But I do think that there's a gender element to it, in that women are starting at a disadvantage. Especially women experts. And that's not because I'm a female expert, I'm not sort of, it's worse for us, you know, Woe is me. The research actually shows that. I read a fantastic research article. And it was actually about the research was putting a small group of people together and assigning one individual as the expert in that group, it was fictitious. And the incident was a wildfire. And one individual was deemed to be the expert, and was going to tell everybody else how we were going to get out of this wild fire and how we were going to cope in this situation. And what they looked at was, if they allocated a man to be that expert, what happened within the group, the group comprised a number of women and a number of men. And then what happened when you allocated that expert, as a woman. And the results were really interesting. So if the expert was a man, people listened to the man. But if the expert that was allocated was a woman, the group listened more to the women who were non experts than they did the woman who was the expert, which I found absolutely fascinating. And the reason why was terrifying. Yeah, the reason they worked that out, the reason they felt that that happened, was because the woman expert had to go against the grain and had to say things that perhaps not everybody agreed with, because they were incorrect. And they knew the facts, they were the expert. Whereas the women who weren't experts weren't under that pressure. And they could have a view, but could be much more affable with it. And that went down far better than the group being told what to do by a woman that did not, did not bode well, for them, which I think, as a woman expert, is really interesting, the psychology that I have to then consider when I'm in a group in order to be heard.
Ruth
Yeah, it's interesting, because when we started this conversation, and we talked about, you know, what is it that makes you trust, somebody will just trust mean, you know, from your perspective, and we talk about honesty, and we talk about integrity and ethics, and, you know, all of those good things. And this has absolutely nothing to do with that.
Andrea
Nope, no, absolutely nothing. It's ito do with, with what I look like. And I can relate to that.

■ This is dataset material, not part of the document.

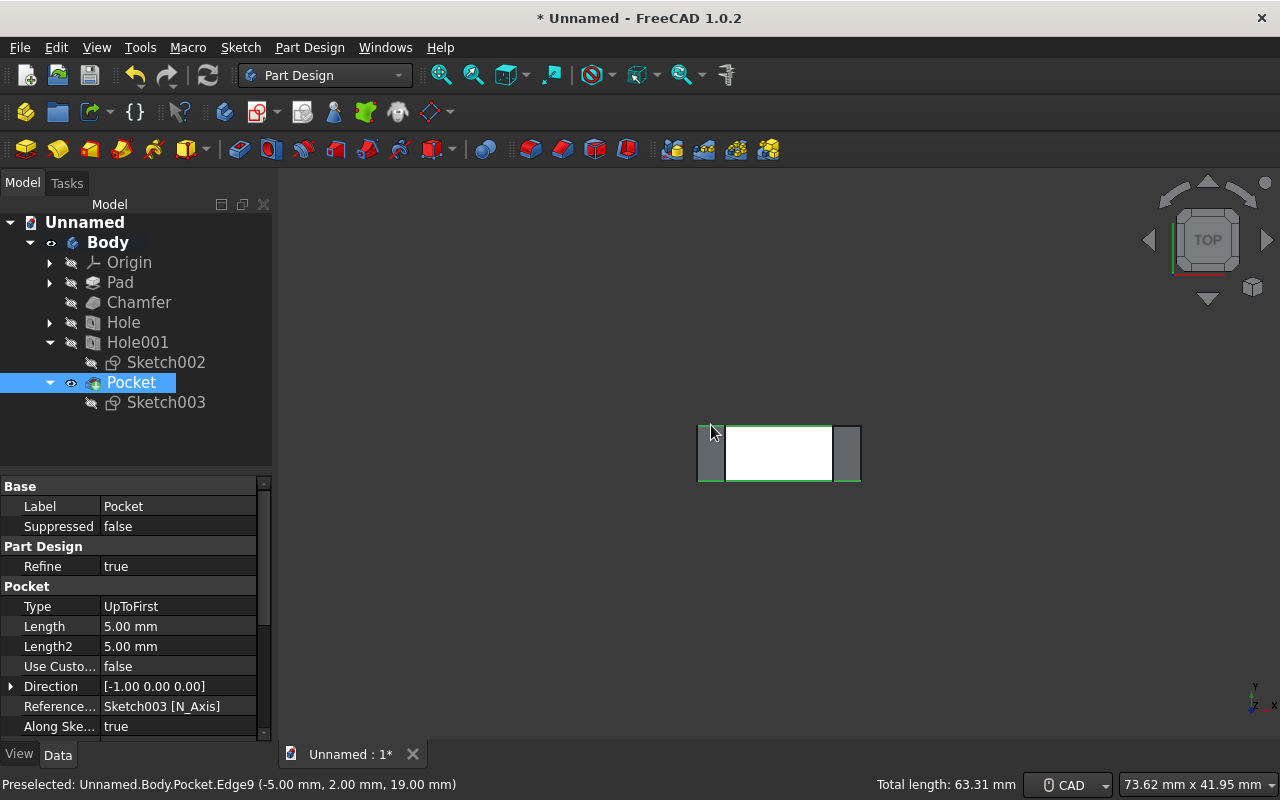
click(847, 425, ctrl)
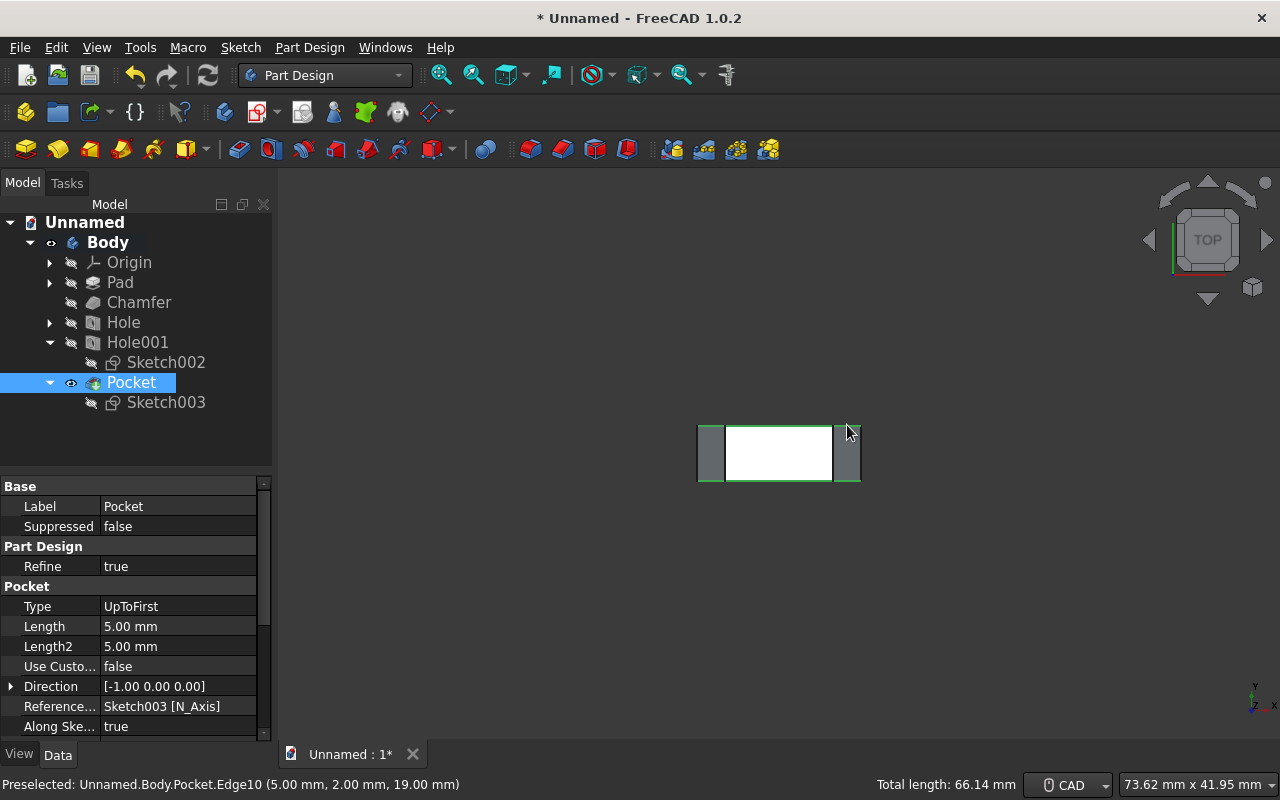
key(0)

I mean, I've certainly been on jobs earlier in my career, where I've got to the front door, and I've rung the doorbell to an office block or something. Metaphorically, you know, I've met someone, and they've actually tried to shut the door in my face, because they've looked at me, and they've realised that I'm here to do X job. And they've looked at, you know, they've assessed me visually, and decided that I can't possibly know what I'm doing and tried to shut the door on me. And I've had to put my dog my foot in the door in order not to be turned away. And the ironic thing was that in the company, I was the most qualified individual.
Ruth
Yeah, that's really frustrating, isn't it? Because you do know, and I think, you know, you hear a lot about women having to go the extra mile to be the, you know, we'd relying on expertise often as a way to have authority to be trusted you and to be trusted to lead and expertise is often part of our arsenal almost in in that. And yet, still, in some scenarios. Yeah, we're in a position where you have all that expertise. You've done all the hard work, you've got the ticks in the box and the certificates to prove it and everything else. But still, you get that sort of response?
Andrea
Yes. So I can remember fairly recently being on a video call with an architect, a woman who was an architect for a little shopping centre, we were designing in London and an m&e, contractor, a man in perhaps his 60s. And we were talking. It was a really tricky design. And from a fire safety point of view. They wanted to put a roof on it, and it was not going to work with the with the heights of laws and things. So we were chatting about it. And I said look, you know, we're gonna have to do you know, this is gonna be really challenging and the m&a sec contract said, “Well, you know what, I really think we need to get a fire engineer involved in this”. And I said, “Oh, well that's okay because I'm a fire engineer”, as if he hadn't heard the introductions. And for the rest of the meeting, he just sat there with a completely puzzled look on his face. And he didn't didn't say anything. It was, I mean, I suppose you have to live it to actually, and you have to find it humorous. Because if it got to, you know, it would just be incredibly stressful to think that you've done all this study. And all this, you know, you've achieved all these academic qualifications and this knowledge. And yet, people still look at you, and make an assessment based on what you learned.
Ruth
I'm actually sitting here and a little bit gobsmacked to be honest with you. You started off talking about building self trust? How does that relate to that those experiences that you're talking about where I mean, that must sometimes just grind you down? And kind of chip away at confidence and everything?
Andrea
Yes, it I have to say it does. It does make it more difficult. And I think the other thing, you know, I was saying earlier about until a few years ago, when I set up a women's networking and support group, I didn't know any other women in the industry. So I didn't have a group of people to go to, or even one person to go to this happened. And they went, Yeah, I've had that. I totally understand. If I went to someone, it was a man. And they would look at me, I mean, even people who are my mentors or peers, you know that they would listen. But they definitely didn't understand because that's not their experience, in any way, shape or form. It has been tricky. And I think one of the things that has helped, is learning more about the subject, and understanding why I'm meeting that kind of behaviour. Because I think it's very easy to think that it's you. And when you've read some of the books, you know, on gender bias, you start to realise, no, no, no, it's not you. This is patriarchy. This is history. This is this is, you know, gender bias is alive and kicking. And this has actually nothing to do with you. And I think I could see that, logically, again, because these people didn't necessarily even know anything more than my name. They knew nothing about me. You know, so how could it possibly be me? Because they didn't know enough to make that judgement. Does that make sense? It is very tough when it happens.
Ruth
Yeah, that it makes perfect sense. But yeah, I can see that that would be tough, and especially over time. And as you said, for a long time, you were operating with no real support network of other kind of women to sort of turn to and say, Is this normal? Am I alone? Is it me?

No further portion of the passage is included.